1. 07 Mar, 2019 7 commits
    • Robert Haas's avatar
      Allow ATTACH PARTITION with only ShareUpdateExclusiveLock. · 898e5e32
      Robert Haas authored
      We still require AccessExclusiveLock on the partition itself, because
      otherwise an insert that violates the newly-imposed partition
      constraint could be in progress at the same time that we're changing
      that constraint; only the lock level on the parent relation is
      weakened.
      
      To make this safe, we have to cope with (at least) three separate
      problems. First, relevant DDL might commit while we're in the process
      of building a PartitionDesc.  If so, find_inheritance_children() might
      see a new partition while the RELOID system cache still has the old
      partition bound cached, and even before invalidation messages have
      been queued.  To fix that, if we see that the pg_class tuple seems to
      be missing or to have a null relpartbound, refetch the value directly
      from the table. We can't get the wrong value, because DETACH PARTITION
      still requires AccessExclusiveLock throughout; if we ever want to
      change that, this will need more thought. In testing, I found it quite
      difficult to hit even the null-relpartbound case; the race condition
      is extremely tight, but the theoretical risk is there.
      
      Second, successive calls to RelationGetPartitionDesc might not return
      the same answer.  The query planner will get confused if lookup up the
      PartitionDesc for a particular relation does not return a consistent
      answer for the entire duration of query planning.  Likewise, query
      execution will get confused if the same relation seems to have a
      different PartitionDesc at different times.  Invent a new
      PartitionDirectory concept and use it to ensure consistency.  This
      ensures that a single invocation of either the planner or the executor
      sees the same view of the PartitionDesc from beginning to end, but it
      does not guarantee that the planner and the executor see the same
      view.  Since this allows pointers to old PartitionDesc entries to
      survive even after a relcache rebuild, also postpone removing the old
      PartitionDesc entry until we're certain no one is using it.
      
      For the most part, it seems to be OK for the planner and executor to
      have different views of the PartitionDesc, because the executor will
      just ignore any concurrently added partitions which were unknown at
      plan time; those partitions won't be part of the inheritance
      expansion, but invalidation messages will trigger replanning at some
      point.  Normally, this happens by the time the very next command is
      executed, but if the next command acquires no locks and executes a
      prepared query, it can manage not to notice until a new transaction is
      started.  We might want to tighten that up, but it's material for a
      separate patch.  There would still be a small window where a query
      that started just after an ATTACH PARTITION command committed might
      fail to notice its results -- but only if the command starts before
      the commit has been acknowledged to the user. All in all, the warts
      here around serializability seem small enough to be worth accepting
      for the considerable advantage of being able to add partitions without
      a full table lock.
      
      Although in general the consequences of new partitions showing up
      between planning and execution are limited to the query not noticing
      the new partitions, run-time partition pruning will get confused in
      that case, so that's the third problem that this patch fixes.

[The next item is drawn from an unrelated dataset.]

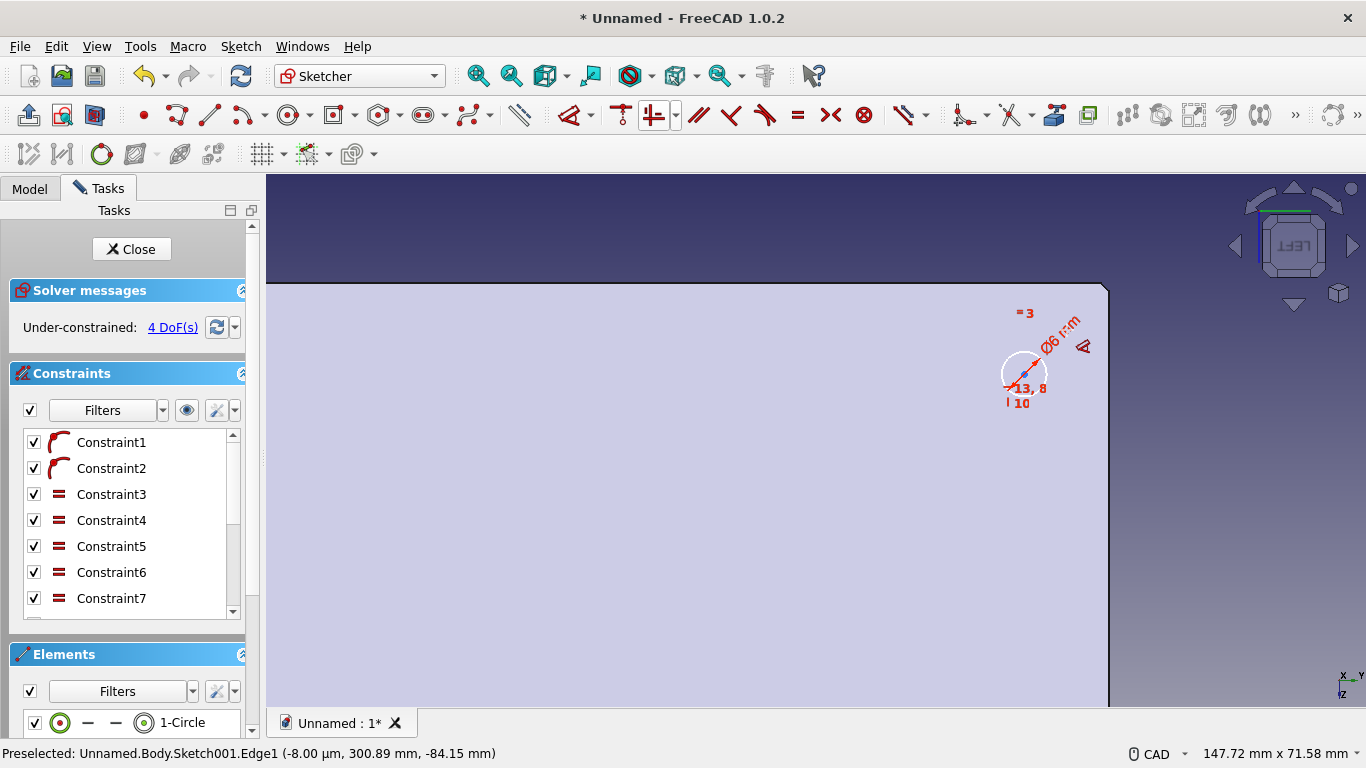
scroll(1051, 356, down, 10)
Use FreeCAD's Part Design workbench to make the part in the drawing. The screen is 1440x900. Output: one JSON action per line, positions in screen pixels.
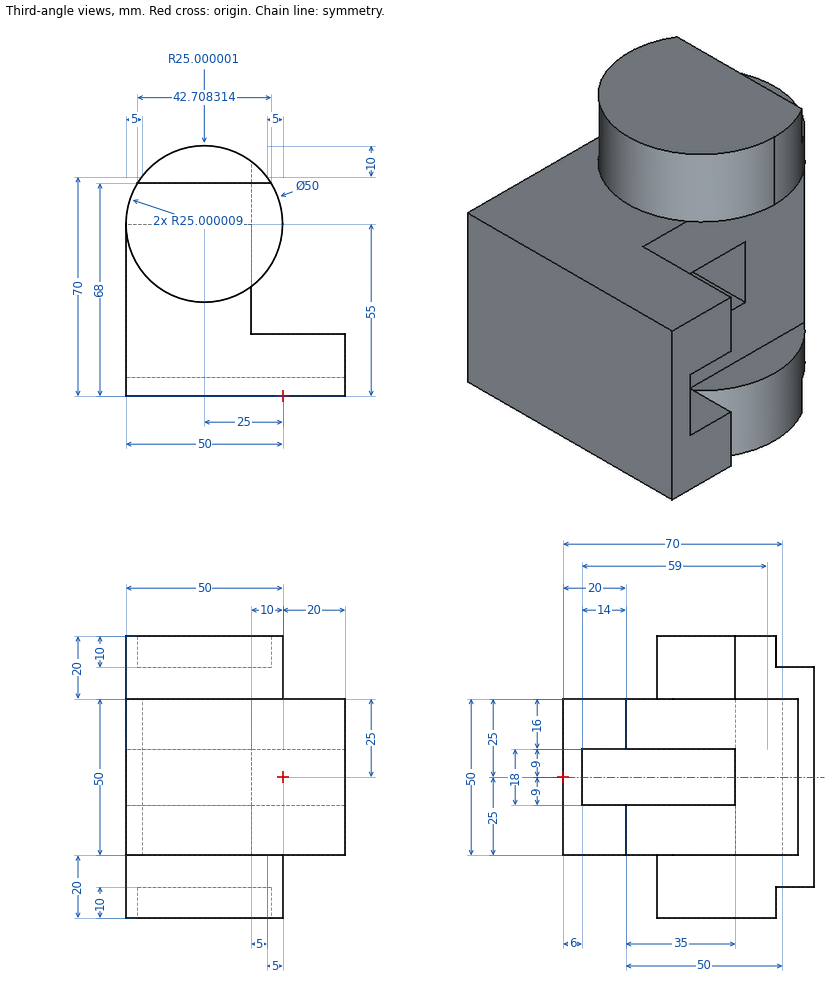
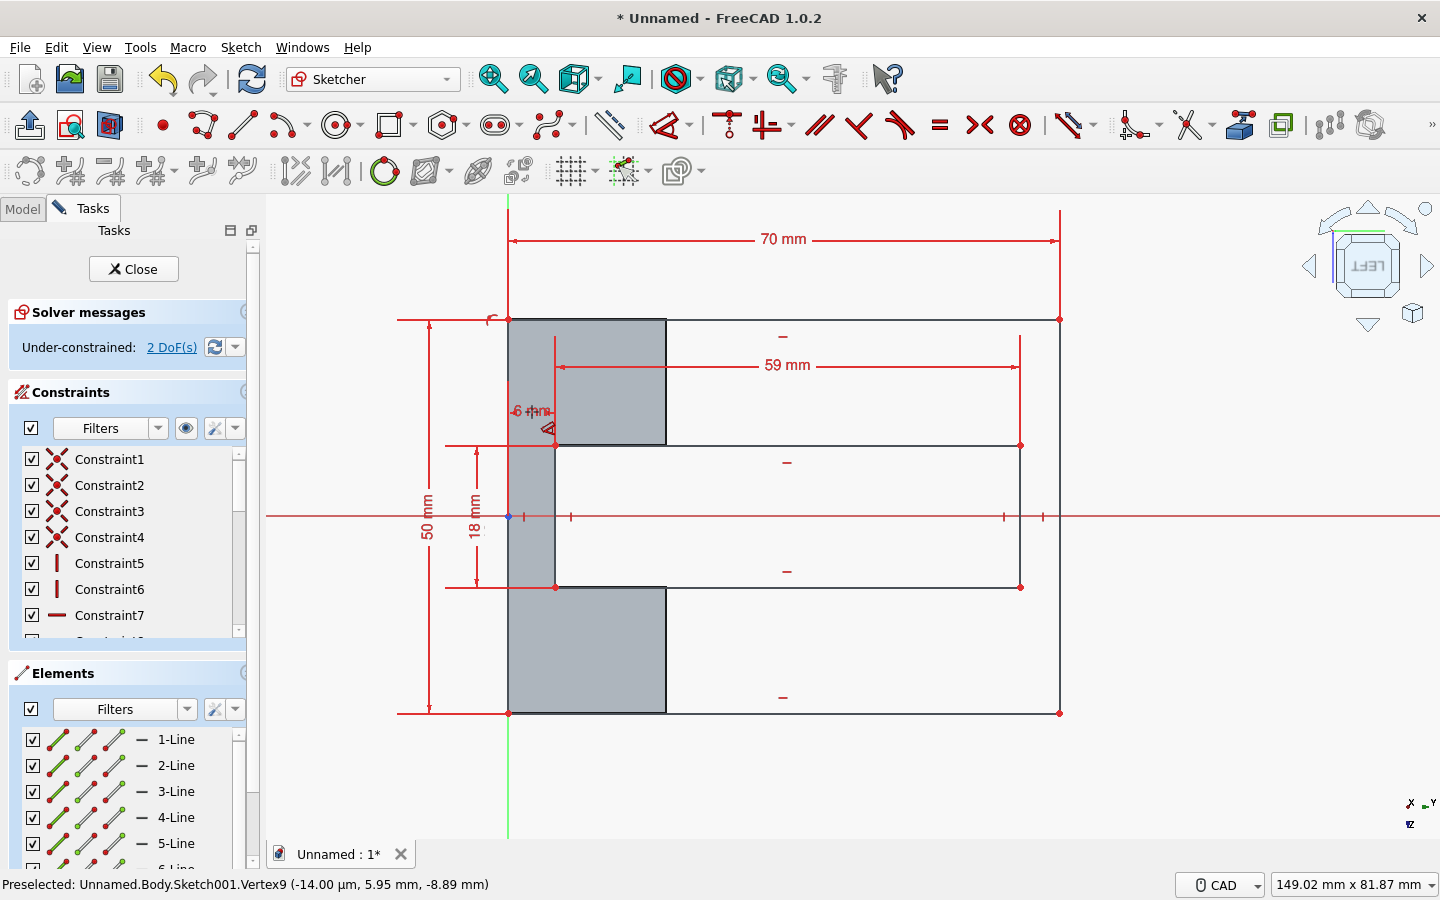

      Run-time partition pruning assumes that indexes into the PartitionDesc
      are stable between planning and execution.  So, add code so that if
      new partitions are added between plan time and execution time, the
      indexes stored in the subplan_map[] and subpart_map[] arrays within
      the plan's PartitionedRelPruneInfo get adjusted accordingly.  There
      does not seem to be a simple way to generalize this scheme to cope
      with partitions that are removed, mostly because they could then get
      added back again with different bounds, but it works OK for added
      partitions.
      
      This code does not try to ensure that every backend participating in
      a parallel query sees the same view of the PartitionDesc.  That
      currently doesn't matter, because we never pass PartitionDesc
      indexes between backends.  Each backend will ignore the concurrently
      added partitions which it notices, and it doesn't matter if different
      backends are ignoring different sets of concurrently added partitions.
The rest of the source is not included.